A piezoelectric motor uses a piezoelectric vibrator to transduce electrical energy into kinetic energy that the motor transmits to a moveable body to which the motor is coupled. The motor is generally coupled to a body that it moves by resiliently pressing the motor to the body so that a surface region, hereinafter referred to as a “coupling surface”, of the piezoelectric vibrator contacts a surface region of the body. Electrodes in the motor are electrified to excite vibrations in the vibrator that cause the coupling surface to vibrate. Motion is transmitted from the vibrating coupling surface to move the body by frictional forces between the coupling surface and the surface region of the body to which the coupling surface is pressed.
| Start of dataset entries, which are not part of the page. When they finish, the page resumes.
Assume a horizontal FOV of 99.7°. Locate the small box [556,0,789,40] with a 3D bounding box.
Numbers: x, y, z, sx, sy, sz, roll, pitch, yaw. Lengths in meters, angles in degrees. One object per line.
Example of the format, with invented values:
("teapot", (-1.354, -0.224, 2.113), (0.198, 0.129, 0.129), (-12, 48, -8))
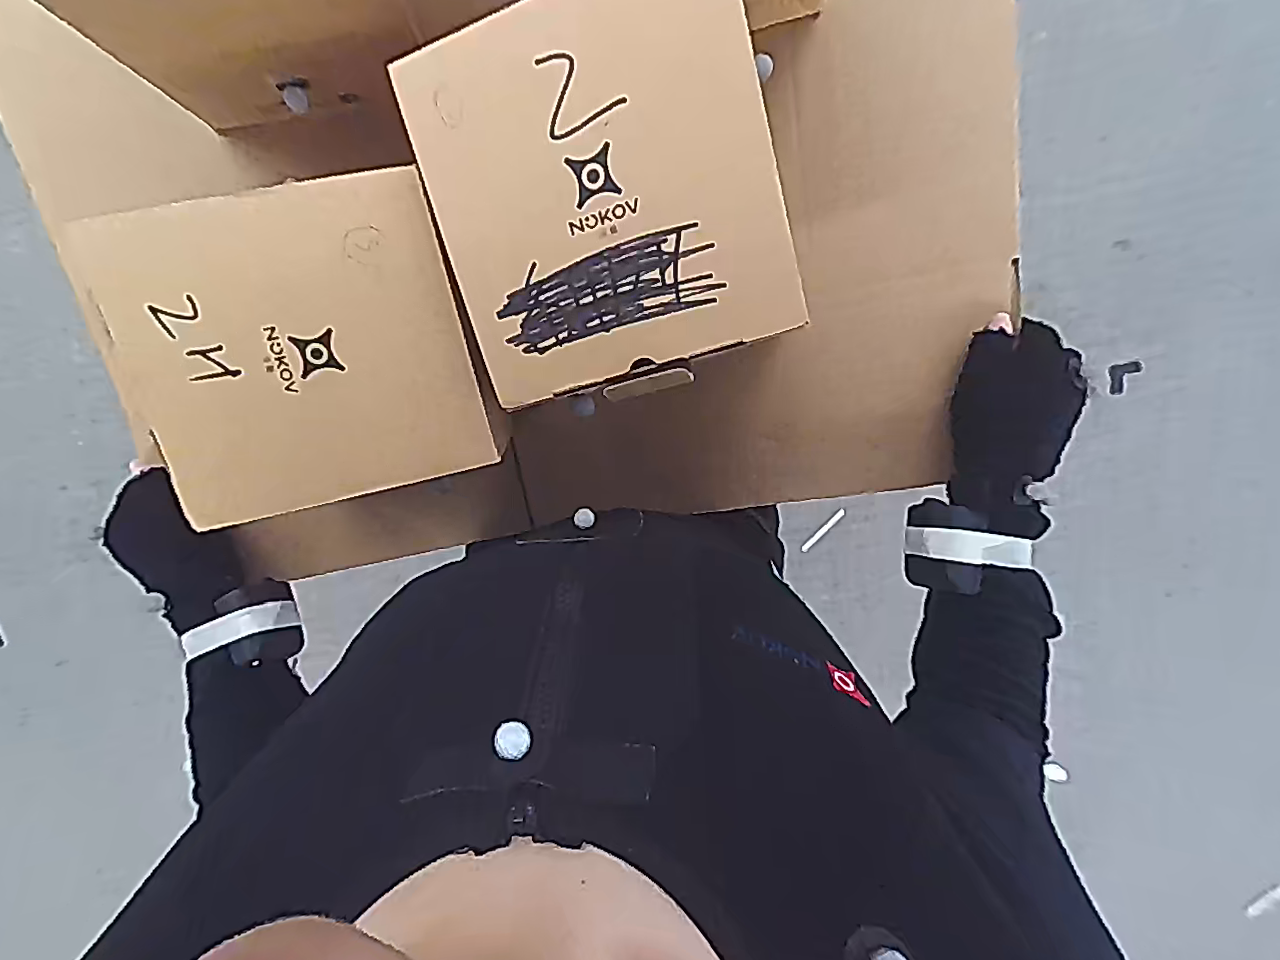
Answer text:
("small box", (0.011, -0.372, 0.278), (0.168, 0.176, 0.179), (-5, 103, 12))
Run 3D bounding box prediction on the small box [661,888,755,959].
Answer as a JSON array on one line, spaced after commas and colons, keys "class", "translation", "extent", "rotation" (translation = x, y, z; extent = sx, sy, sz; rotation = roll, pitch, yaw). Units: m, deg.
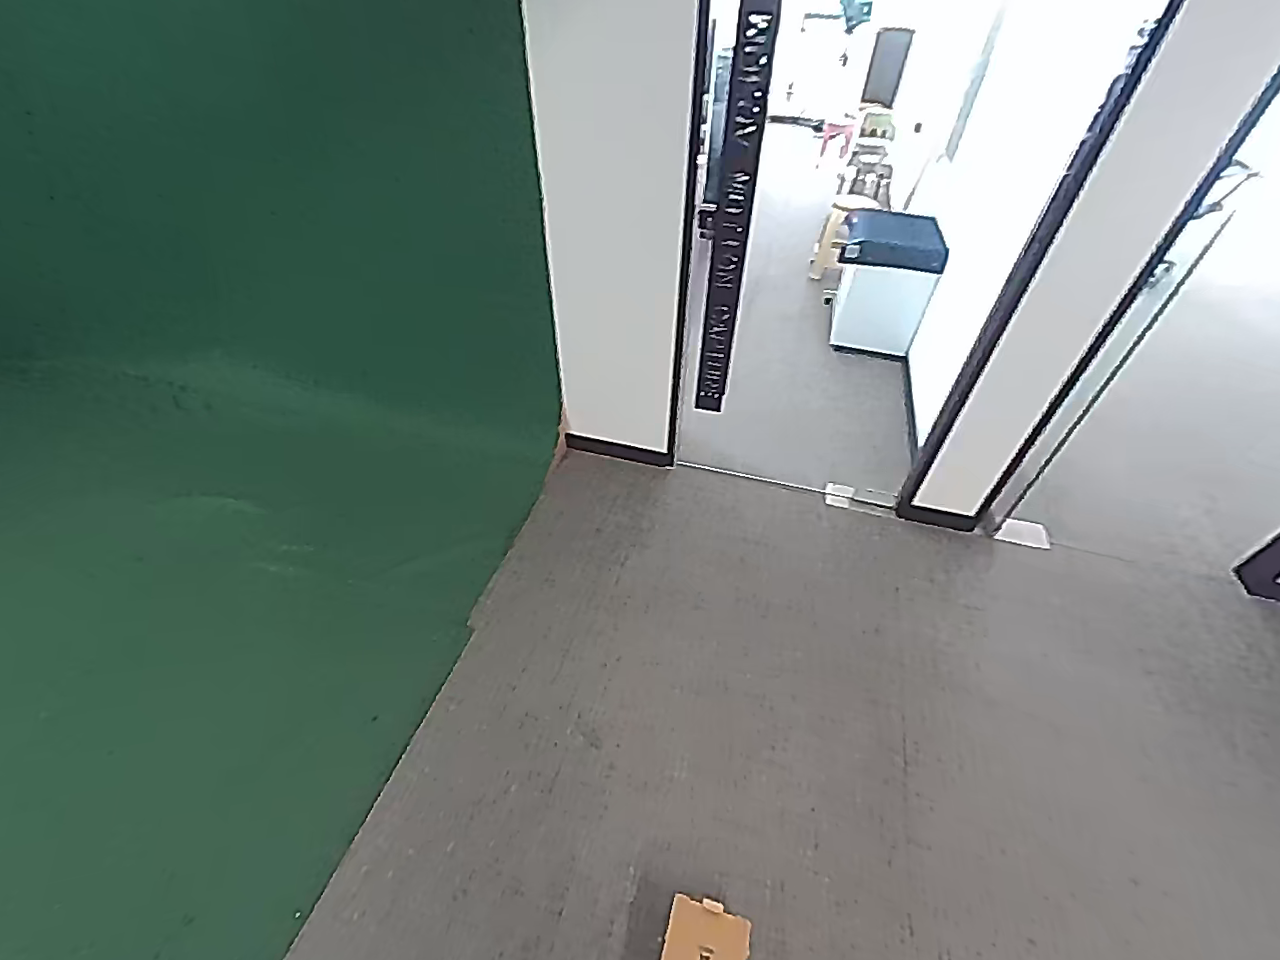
[{"class": "small box", "translation": [0.131, 0.995, 1.121], "extent": [0.168, 0.176, 0.179], "rotation": [13, 46, 14]}]

The frictional forces coupling a piezoelectric motor to a body it moves might abrade the motor's coupling surface and in time might damage the coupling surface to the extent that the motor is no longer serviceable. Traveling wave piezoelectric motors that use vibrators formed from relatively soft piezoelectric material are worn out relatively quickly by abrasion. Typically, a traveling wave piezoelectric motor wears out after transmitting kinetic energy to a body that it moves that is equivalent to moving the body a cumulative “travel distance” on the order of hundreds of kilometers.
A piezoelectric standing wave motor of a type described in U.S. Pat. No. 5,453,653, to Zumeris et al, the disclosure of which is incorporated herein by reference, comprises a vibrator formed from a ceramic piezoelectric crystal. A hard wear resistant nub, hereinafter referred to as a “friction nub”, preferably formed from a hard tough ceramic material is bonded to a surface region of vibrator. To transmit motion from the vibrator to a moveable body, the friction nub, rather than a surface region of the piezoelectric crystal, is pressed to the body. The friction nub is substantially more resistant to abrasion than the piezoelectric ceramic. As a result, the operational lifetime of the motor is considerably increased over that of piezoelectric motors without such nubs. The motor is capable of being used to transmit kinetic energy to the body equivalent to travel distances well in excess of 10,000 kilometers before the friction nub wears and motor performance degrades.
Even though a friction nub extends the operational lifetime of a piezoelectric motor substantially, it is desirable to have piezoelectric motors characterized by operational lifetimes greater than operational lifetimes of piezoelectric motors that transmit motion to a body via a friction nub.